# [Problem description]
Would you retype the whole listing verbatim, keeping pictures out of it?

[[ Information shown, beginning ]]

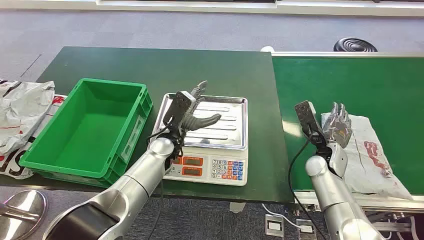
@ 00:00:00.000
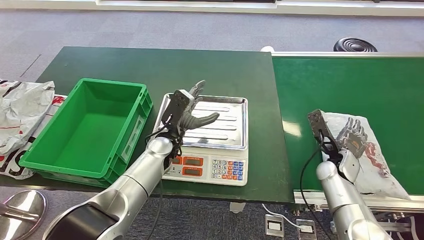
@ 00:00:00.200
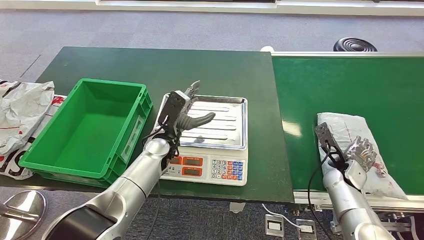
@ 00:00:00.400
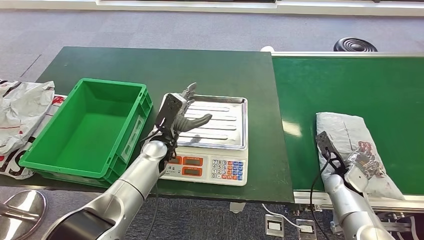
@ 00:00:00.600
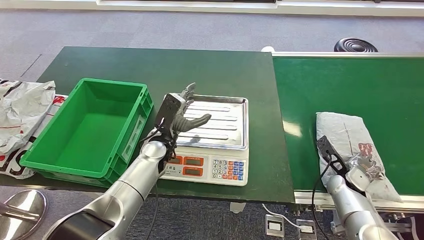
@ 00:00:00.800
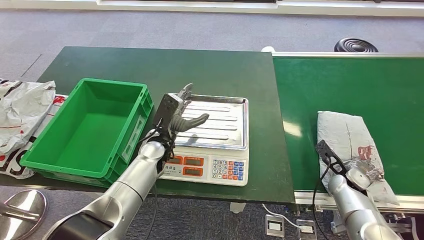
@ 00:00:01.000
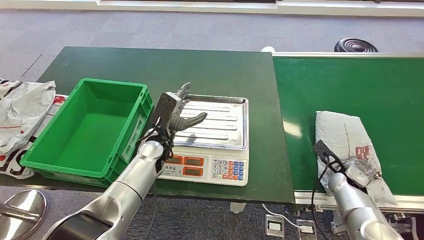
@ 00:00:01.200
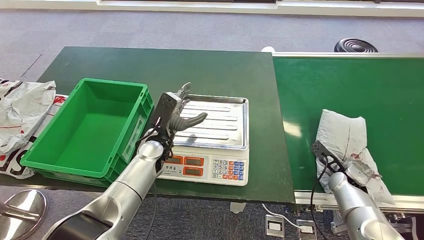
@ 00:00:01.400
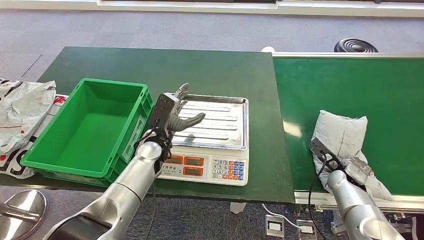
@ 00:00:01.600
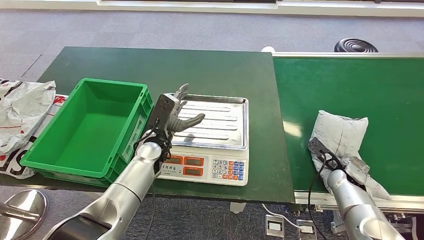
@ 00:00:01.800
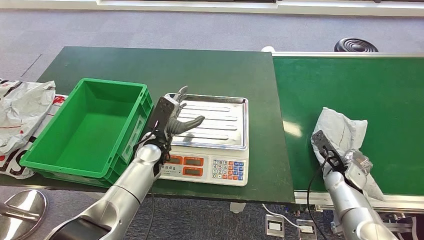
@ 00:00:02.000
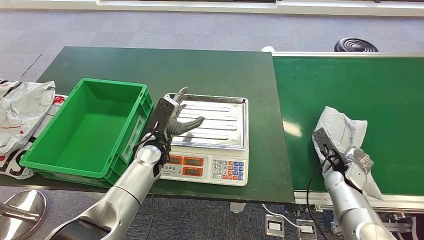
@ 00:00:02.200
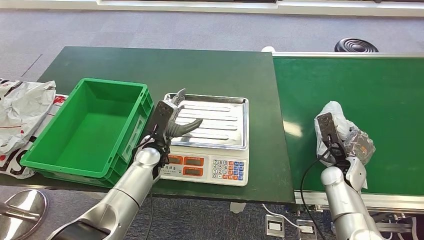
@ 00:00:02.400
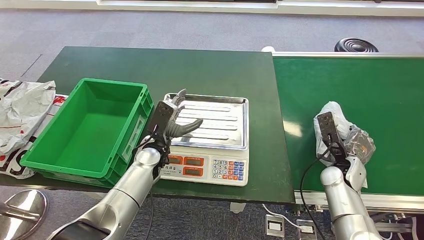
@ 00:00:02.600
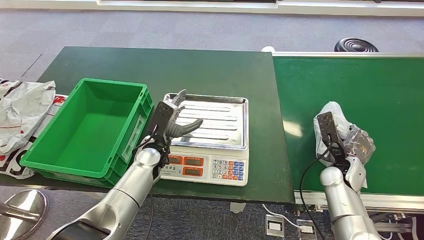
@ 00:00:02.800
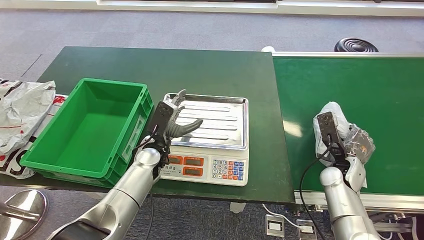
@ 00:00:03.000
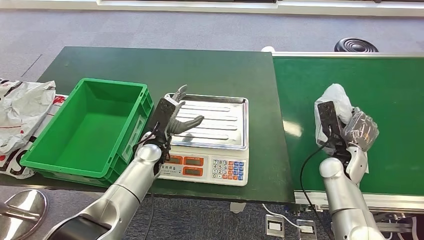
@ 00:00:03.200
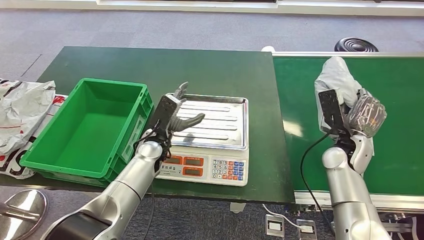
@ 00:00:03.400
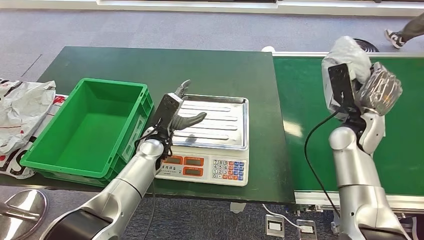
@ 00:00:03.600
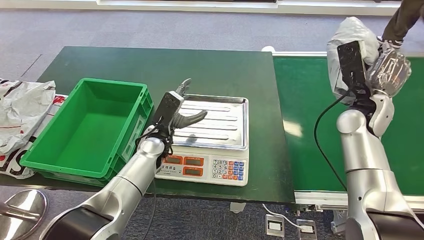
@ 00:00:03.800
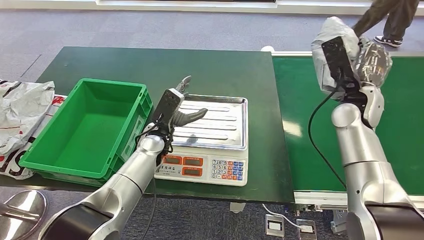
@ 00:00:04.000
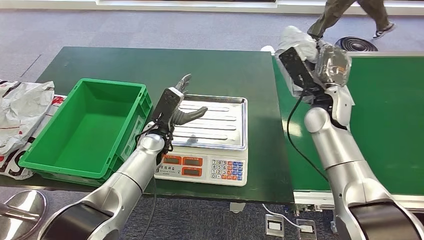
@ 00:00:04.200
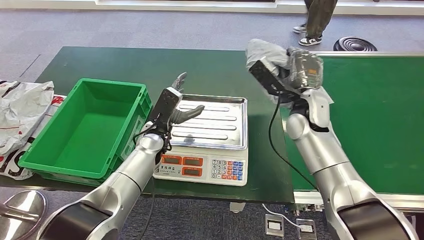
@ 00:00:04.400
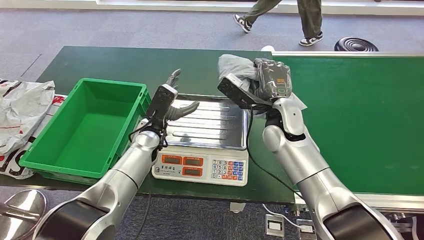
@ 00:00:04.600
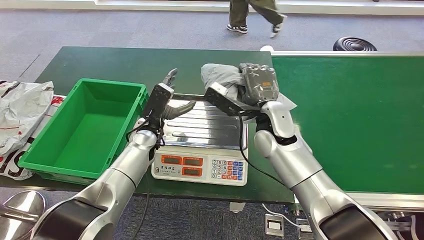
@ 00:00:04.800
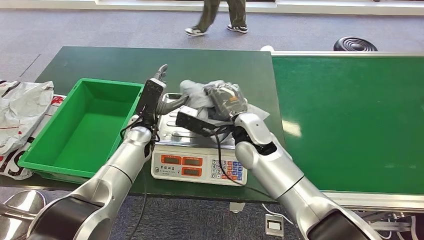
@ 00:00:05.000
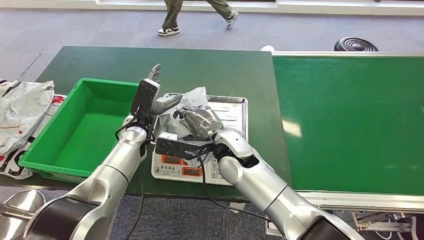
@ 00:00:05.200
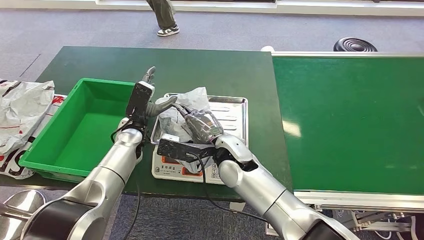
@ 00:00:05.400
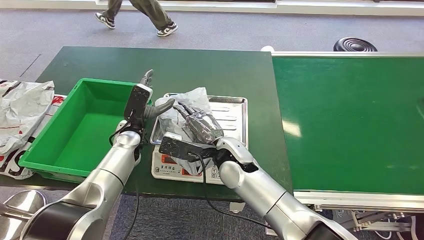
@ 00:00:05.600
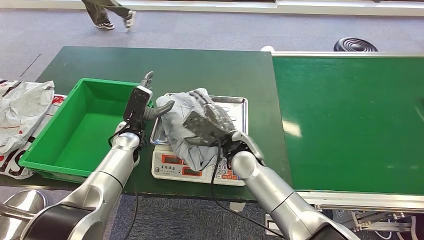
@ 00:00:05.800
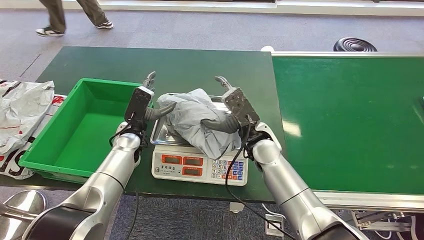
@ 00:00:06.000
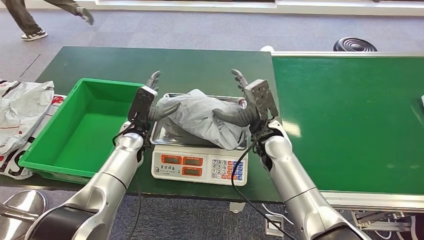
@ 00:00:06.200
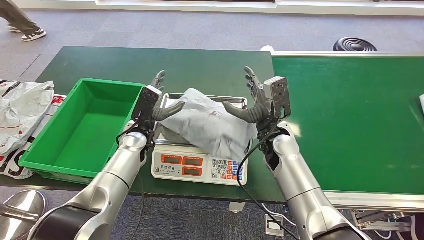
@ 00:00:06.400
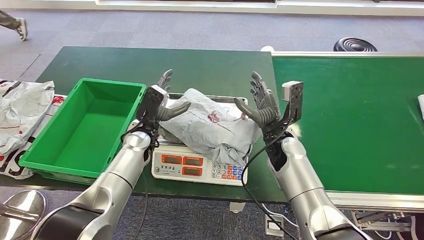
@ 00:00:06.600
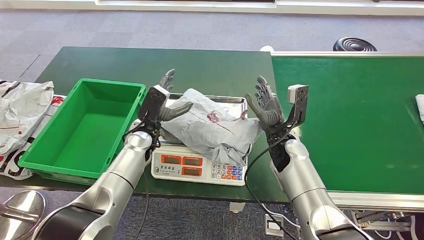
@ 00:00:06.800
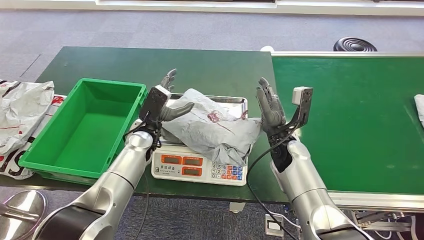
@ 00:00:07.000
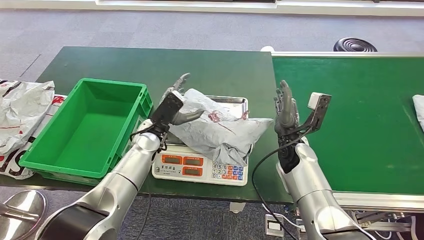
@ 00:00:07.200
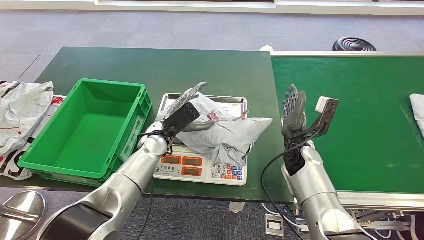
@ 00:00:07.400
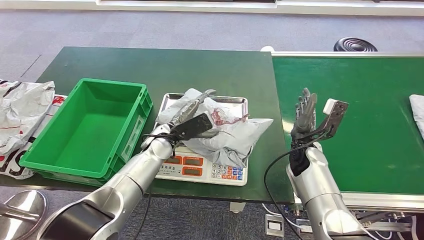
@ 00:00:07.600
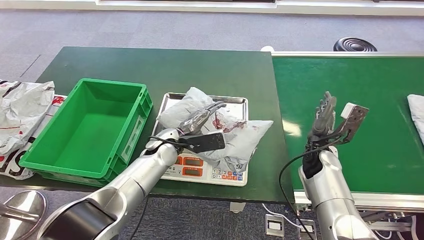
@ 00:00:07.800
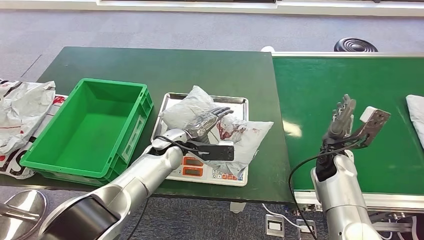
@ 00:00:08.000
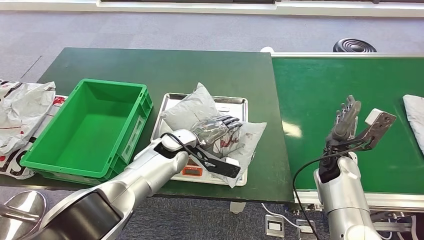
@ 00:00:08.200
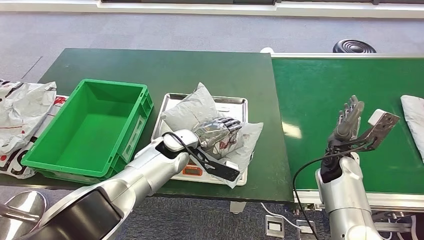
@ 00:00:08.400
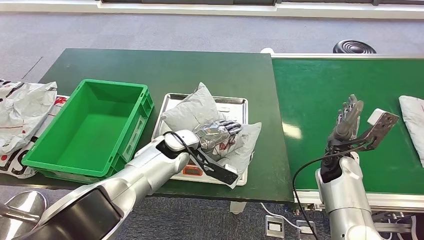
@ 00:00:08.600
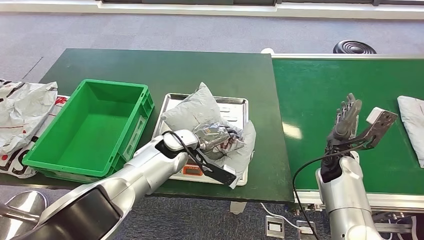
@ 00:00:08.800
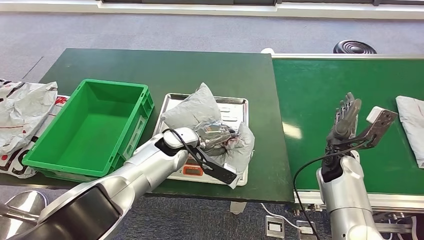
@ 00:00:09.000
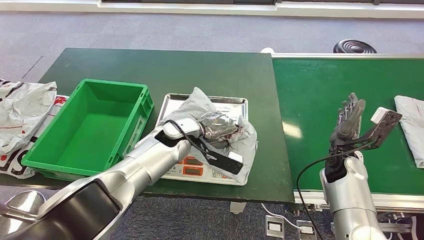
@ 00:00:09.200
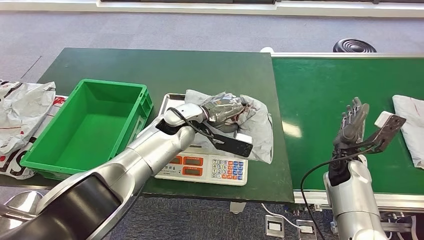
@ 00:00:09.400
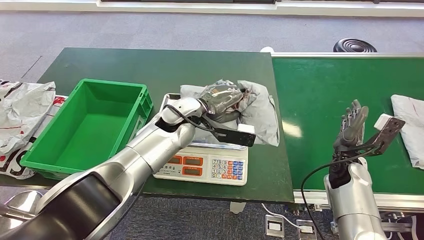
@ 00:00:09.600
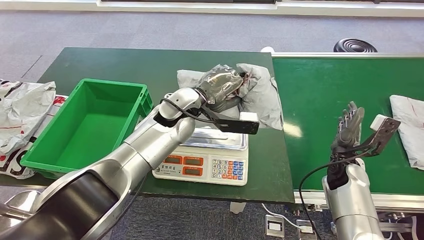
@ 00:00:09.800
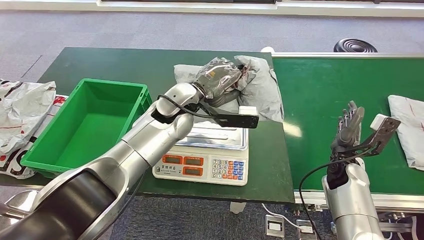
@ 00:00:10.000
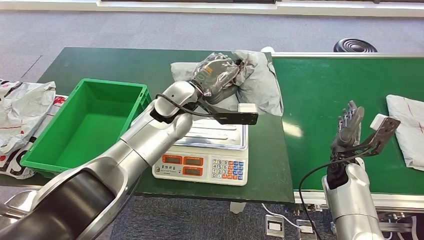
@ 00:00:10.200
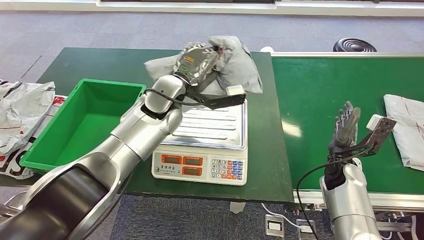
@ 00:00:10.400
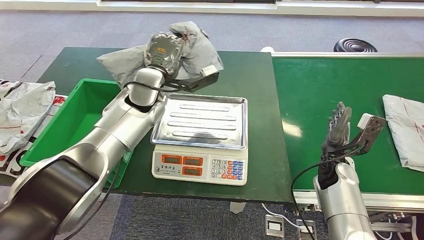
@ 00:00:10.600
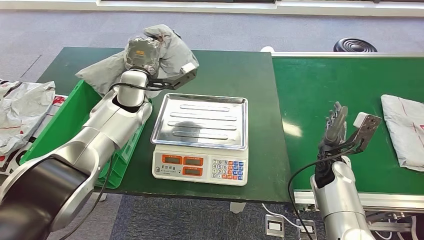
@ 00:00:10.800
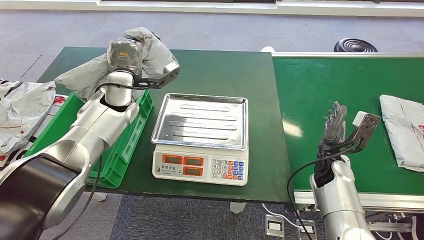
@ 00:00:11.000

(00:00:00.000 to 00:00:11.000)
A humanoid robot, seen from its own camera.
Step, 00:00:00.000 - 00:00:03.600: Take the parcel off the conveyor belt.
Step, 00:00:03.800 - 00:00:06.600: Place the parcel onto the inbound machine.
Step, 00:00:06.800 - 00:00:10.400: Pick up the parcel from the inbound machine.
00:00:01.600 - 00:00:03.200: The right hand moves upward, about 5 cm.

[[ Information shown, end ]]

# [Result of the exercise]
@ 00:00:00.000
@ 00:00:00.200
@ 00:00:00.400
@ 00:00:00.600
@ 00:00:00.800
@ 00:00:01.000
@ 00:00:01.200
@ 00:00:01.400
@ 00:00:01.600
@ 00:00:01.800
@ 00:00:02.000
@ 00:00:02.200
@ 00:00:02.400
@ 00:00:02.600
@ 00:00:02.800
@ 00:00:03.000
@ 00:00:03.200
@ 00:00:03.400
@ 00:00:03.600
@ 00:00:03.800
@ 00:00:04.000
@ 00:00:04.200
@ 00:00:04.400
@ 00:00:04.600
@ 00:00:04.800
@ 00:00:05.000
@ 00:00:05.200
@ 00:00:05.400
@ 00:00:05.600
@ 00:00:05.800
@ 00:00:06.000
@ 00:00:06.200
@ 00:00:06.400
@ 00:00:06.600
@ 00:00:06.800
@ 00:00:07.000
@ 00:00:07.200
@ 00:00:07.400
@ 00:00:07.600
@ 00:00:07.800
@ 00:00:08.000
@ 00:00:08.200
@ 00:00:08.400
@ 00:00:08.600
@ 00:00:08.800
@ 00:00:09.000
@ 00:00:09.200
@ 00:00:09.400
@ 00:00:09.600
@ 00:00:09.800
@ 00:00:10.000
@ 00:00:10.200
@ 00:00:10.400
@ 00:00:10.600
@ 00:00:10.800
@ 00:00:11.000

(00:00:00.000 to 00:00:11.000)
A humanoid robot, seen from its own camera.
Step, 00:00:00.000 - 00:00:03.600: Take the parcel off the conveyor belt.
Step, 00:00:03.800 - 00:00:06.600: Place the parcel onto the inbound machine.
Step, 00:00:06.800 - 00:00:10.400: Pick up the parcel from the inbound machine.
00:00:01.600 - 00:00:03.200: The right hand moves upward, about 5 cm.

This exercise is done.